B cell malignancies, including DLBCL, remain clinically challenging despite advances in immunotherapy. While monoclonal antibodies like rituximab (anti-CD20) and antibody-drug conjugates targeting CD19 have improved outcomes, their production complexity, immunogenicity, and cost limit broader application.2^,^3 Aptamers—single-stranded DNA or RNA molecules that adopt specific three-dimensional structures—present a compelling alternative due to their synthetic nature, ease of modification, and low immunogenicity.4 However, monomeric aptamers often exhibit modest affinity and lack the avidity-driven effects necessary for robust cell targeting and internalization. Dimerization or multimerization has thus emerged as a key strategy to enhance functional performance, with linker design playing a critical role in maintaining spatial flexibility and cooperative binding.5
Cen et al. first generated truncated variants of previously identified anti-CD19 and anti-CD20 aptamers to define minimal functional sequences. While truncation preserved specificity, it reduced binding affinity, prompting the authors to pursue dimerization. Through rational variation of PEG-based spacer units, they identified an optimal linker length of approximately 3.96 nm (three spacer units), which maximized apparent binding affinity at physiological temperature. Importantly, this optimized architecture also conferred temperature stability—a known hurdle for aptamers selected under non-physiological conditions. The study highlights a central principle in bivalent aptamer design: the linker must be sufficiently long to allow simultaneous engagement of two target epitopes, yet sufficiently constrained to maintain avidity and prevent intramolecular interference.
One of the most biologically insightful findings is the CD21-dependent internalization profile of the dimeric anti-CD19 aptamers. The authors show that internalization occurs efficiently in CD21-negative cell lines (Ramos, OCI-LY7, HBL-1) but is markedly inhibited in CD21-positive lines (Raji, Toledo). This mirrors the behavior of the anti-CD19 monoclonal antibody B4, as previously reported,6 and suggests that aptamers can faithfully recapitulate not only binding but also the intracellular trafficking pathways of their protein counterparts. From a translational perspective, this internalization specificity is clinically pertinent: approximately 30% of DLBCL cases exhibit low or absent CD21 expression,6 which could enable selective aptamer-mediated drug delivery to this patient subset while sparing CD21-positive normal B cells.
Equally notable is the functional profile of the dimeric anti-CD20 aptamer, which showed enhanced binding without eliciting calcium flux—a signaling response associated with certain anti-CD20 antibodies that can contribute to adverse effects.3 This “silent” binding characteristic may be advantageous for diagnostic imaging or drug delivery applications where receptor activation is undesirable.

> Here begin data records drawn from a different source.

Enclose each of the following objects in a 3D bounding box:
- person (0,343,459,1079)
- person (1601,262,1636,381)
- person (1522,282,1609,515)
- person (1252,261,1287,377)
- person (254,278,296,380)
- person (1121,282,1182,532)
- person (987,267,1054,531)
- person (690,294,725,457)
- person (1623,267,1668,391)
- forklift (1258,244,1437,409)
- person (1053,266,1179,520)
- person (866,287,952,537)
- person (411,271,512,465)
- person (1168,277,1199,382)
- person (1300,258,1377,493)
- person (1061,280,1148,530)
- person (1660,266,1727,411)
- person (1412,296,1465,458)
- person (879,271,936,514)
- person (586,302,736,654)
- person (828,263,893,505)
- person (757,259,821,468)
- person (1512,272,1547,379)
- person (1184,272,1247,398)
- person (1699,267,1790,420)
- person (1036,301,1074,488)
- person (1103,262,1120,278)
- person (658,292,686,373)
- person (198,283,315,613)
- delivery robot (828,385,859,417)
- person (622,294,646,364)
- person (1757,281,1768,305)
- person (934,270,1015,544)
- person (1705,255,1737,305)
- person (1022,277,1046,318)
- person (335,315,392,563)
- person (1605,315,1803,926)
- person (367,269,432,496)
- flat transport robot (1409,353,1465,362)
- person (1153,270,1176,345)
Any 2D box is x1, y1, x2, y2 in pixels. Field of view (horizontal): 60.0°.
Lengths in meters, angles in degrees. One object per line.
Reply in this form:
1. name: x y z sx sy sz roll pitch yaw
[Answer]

Despite these advances, several technical and translational questions remain. The mass spectrometric characterization of these large, PEG-modified oligonucleotides proved challenging, with several samples showing fragmentation or adduct formation. While gel electrophoresis confirmed overall integrity, future work would benefit from orthogonal analytical approaches to ensure batch-to-batch consistency and in vivo stability. Moreover, the internalization assays relied on proteinase K digestion to remove surface-bound aptamers; complementary methods such as fluorescence quenching or confocal live-cell imaging could further validate the uptake kinetics and intracellular fate.

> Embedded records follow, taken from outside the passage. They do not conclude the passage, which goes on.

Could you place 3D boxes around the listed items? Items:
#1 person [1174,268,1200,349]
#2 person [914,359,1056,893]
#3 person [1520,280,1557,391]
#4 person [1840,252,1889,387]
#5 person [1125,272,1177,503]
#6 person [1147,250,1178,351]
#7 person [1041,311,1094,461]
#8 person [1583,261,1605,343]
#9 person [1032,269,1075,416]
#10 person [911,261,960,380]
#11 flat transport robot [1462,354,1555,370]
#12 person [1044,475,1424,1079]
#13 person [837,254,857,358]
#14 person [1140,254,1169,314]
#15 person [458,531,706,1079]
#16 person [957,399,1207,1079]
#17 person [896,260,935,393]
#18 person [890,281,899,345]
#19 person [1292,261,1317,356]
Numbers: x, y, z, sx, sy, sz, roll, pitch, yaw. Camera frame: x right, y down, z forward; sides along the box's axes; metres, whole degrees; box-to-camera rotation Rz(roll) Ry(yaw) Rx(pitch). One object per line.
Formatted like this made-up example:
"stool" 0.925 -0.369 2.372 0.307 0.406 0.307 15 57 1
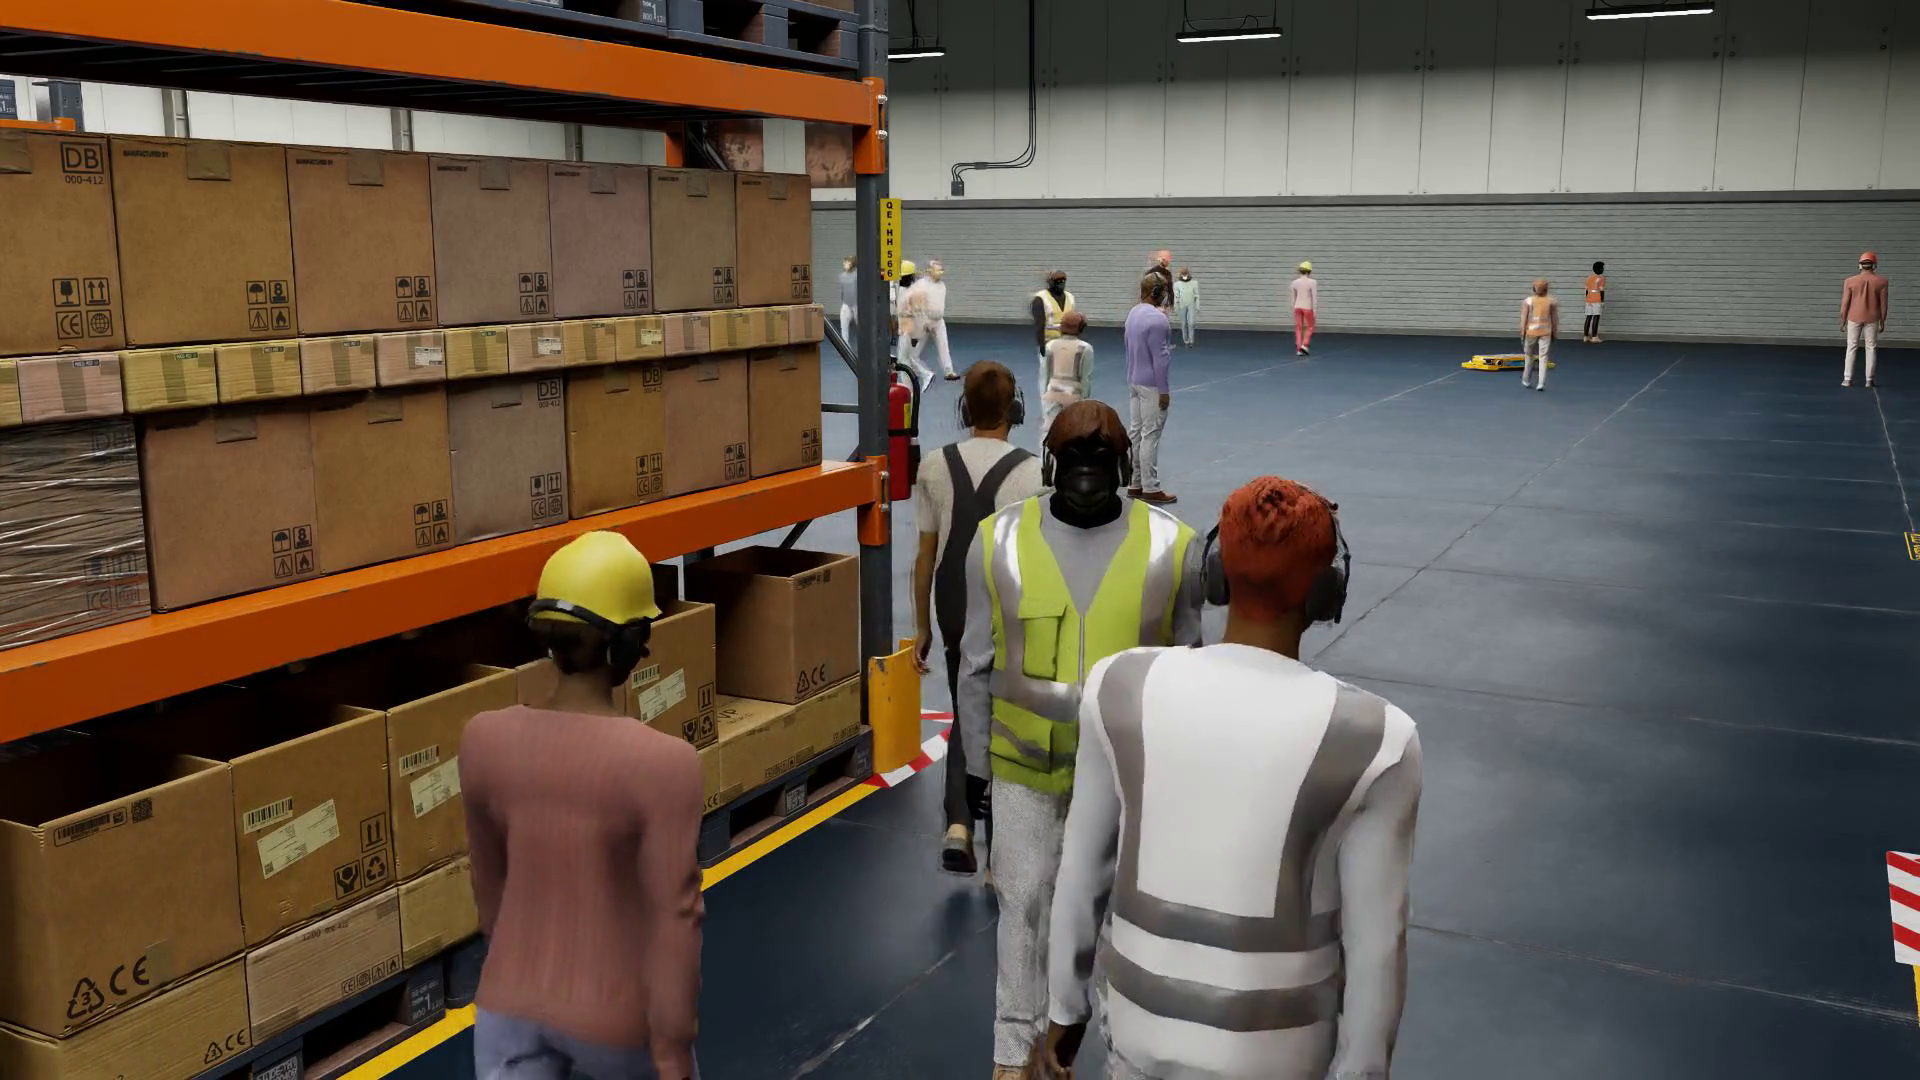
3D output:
"person" 4.466 -4.561 32.808 0.516 1.590 0.814 2 11 11
"person" 0.112 0.302 5.680 0.542 1.826 0.410 3 11 18
"person" 8.413 -2.981 24.204 0.538 1.592 0.881 1 10 8
"person" 13.428 -3.269 24.723 0.610 1.986 0.392 5 12 25
"person" 1.597 -1.278 14.001 0.373 1.937 0.630 -4 11 -20
"person" 3.870 -4.522 31.666 0.629 1.937 1.011 -9 14 -42
"person" 0.927 -1.203 14.522 0.525 1.586 0.889 6 12 30
"person" 13.296 -4.978 34.817 0.320 1.698 0.538 -3 11 -17
"person" 1.228 -2.382 20.348 0.639 1.823 0.684 -6 12 -29
"person" -0.448 -3.406 25.878 0.637 1.846 1.043 -9 13 -39
"flat transport robot" 9.199 -2.991 27.881 1.431 0.197 0.652 -5 11 -23
"person" 0.390 0.835 2.677 0.622 1.865 0.680 5 11 25
"person" -1.936 -4.334 30.783 0.627 1.901 0.946 6 12 29
"person" 3.956 -4.894 33.958 0.677 1.846 0.988 -1 10 -8
"person" -0.675 0.835 3.086 0.537 1.704 0.916 3 11 18
"person" 0.302 0.566 4.195 0.626 1.846 0.429 1 10 4
"person" -0.656 -2.895 22.909 0.587 1.901 0.619 -3 11 -18
"person" -1.515 -4.922 33.859 0.543 1.940 0.361 -5 11 -23
"person" 6.427 -4.305 30.981 0.552 1.750 0.365 9 14 41

Looking forward, the modularity of aptamer architecture invites multifunctional engineering. The bivalent assemblies described here could serve as scaffolds for conjugating therapeutic payloads—small interfering RNAs (siRNAs), chemotherapy agents, or radionuclides—enabling combinatorial regimens with tunable targeting and release kinetics. Because both the targeting moiety and potential nucleic acid-based cargo share similar chemical properties, manufacturing and purification could be streamlined relative to antibody-drug conjugates. Furthermore, the ability to fine-tune linker length and valency offers a degree of control that is often more challenging to achieve with proteins.

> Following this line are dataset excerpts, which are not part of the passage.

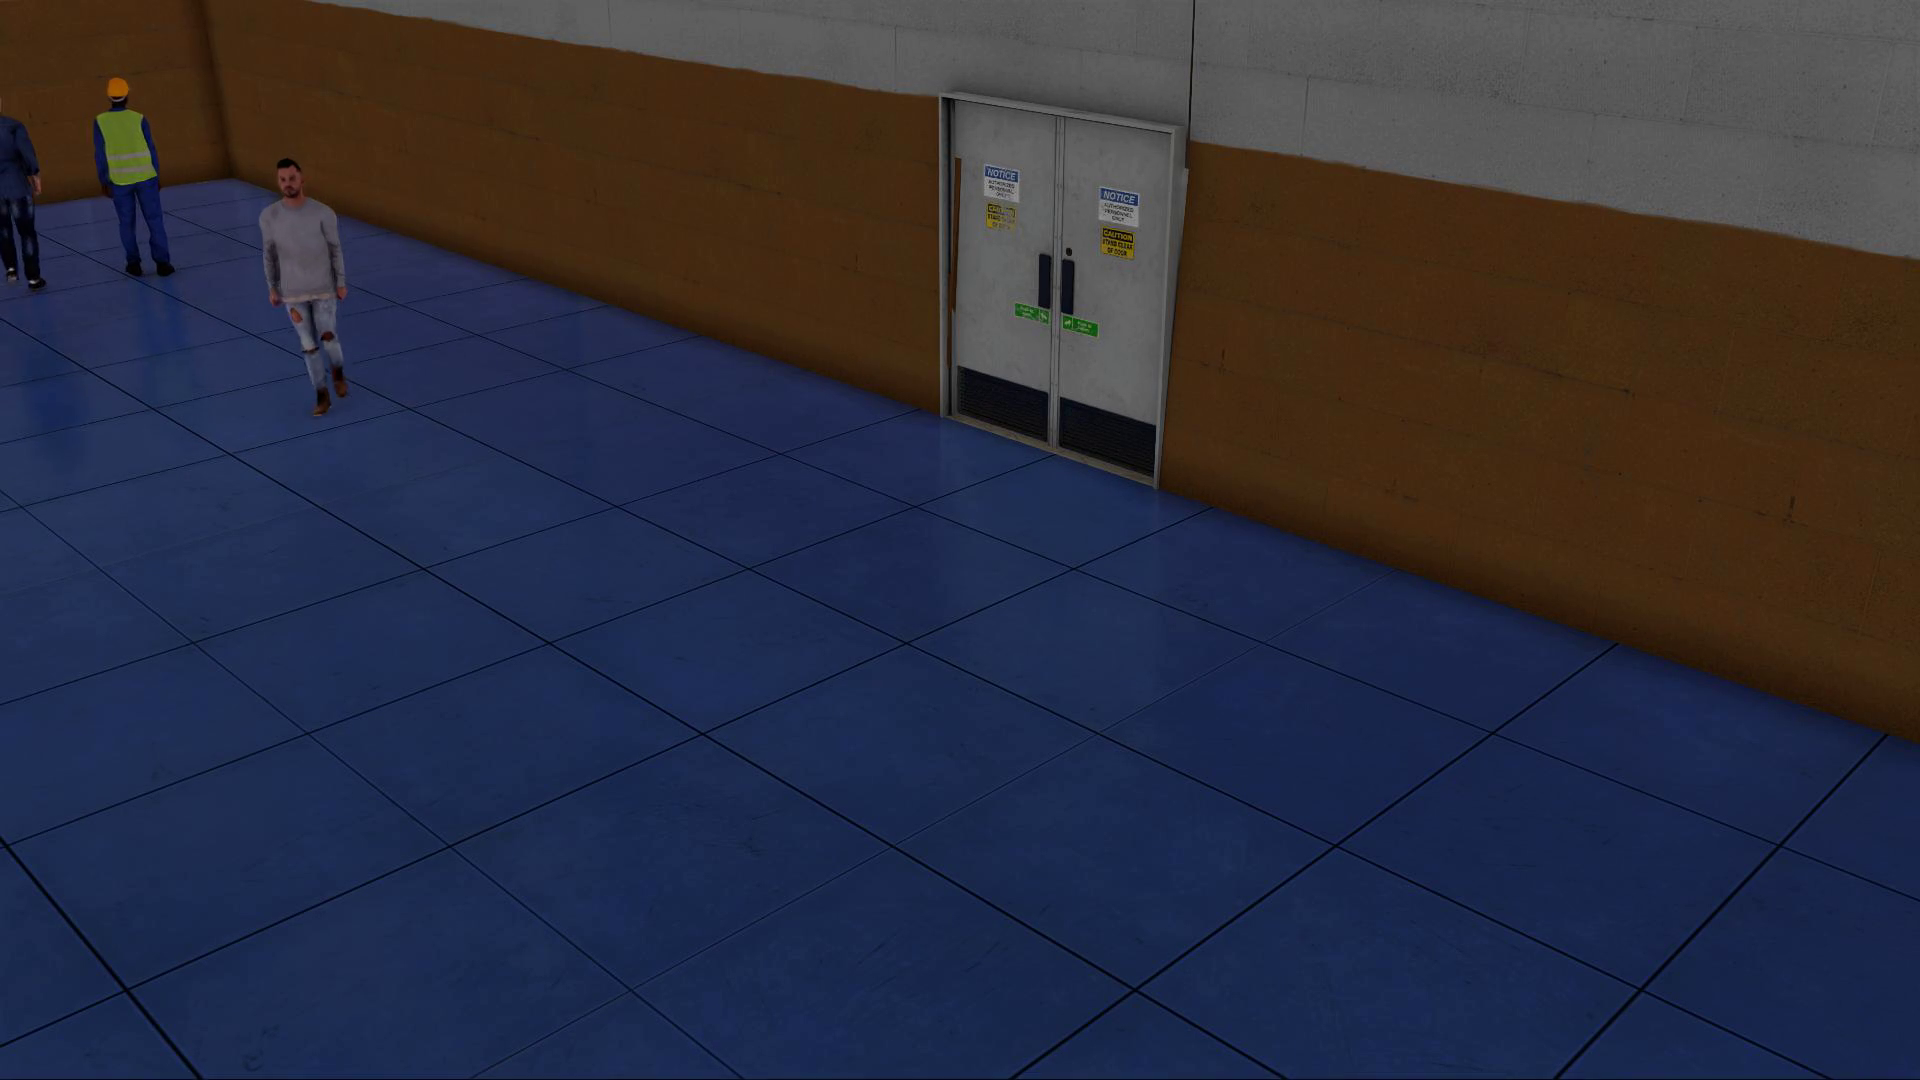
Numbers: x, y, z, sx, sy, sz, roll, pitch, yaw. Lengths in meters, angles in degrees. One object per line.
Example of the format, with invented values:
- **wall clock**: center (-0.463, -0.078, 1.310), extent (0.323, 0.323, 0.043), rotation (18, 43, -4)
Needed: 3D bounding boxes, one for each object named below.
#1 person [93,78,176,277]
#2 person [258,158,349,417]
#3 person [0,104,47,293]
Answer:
- **person**: center (-7.685, -3.351, 15.439), extent (0.804, 1.802, 0.864), rotation (-10, 26, -22)
- **person**: center (-4.669, -1.829, 11.926), extent (0.874, 1.828, 0.936), rotation (-4, 24, -8)
- **person**: center (-8.517, -3.089, 14.831), extent (0.799, 1.808, 0.911), rotation (-6, 24, -13)

In conclusion, Cen et al. provide a robust engineering framework for developing functional bivalent aptamers against clinically relevant cell-surface targets.1 Their work moves beyond proof-of-concept binding studies to demonstrate that aptamers can emulate critical biological behaviors of antibodies, including co-receptor-modulated internalization. As the field of nucleic acid therapeutics continues to mature,7 such tailored aptamer toolkits hold considerable promise for realizing cost-effective, stable, and precise targeted therapies for B cell malignancies and beyond.
Declaration of interests
The author declares no competing interests.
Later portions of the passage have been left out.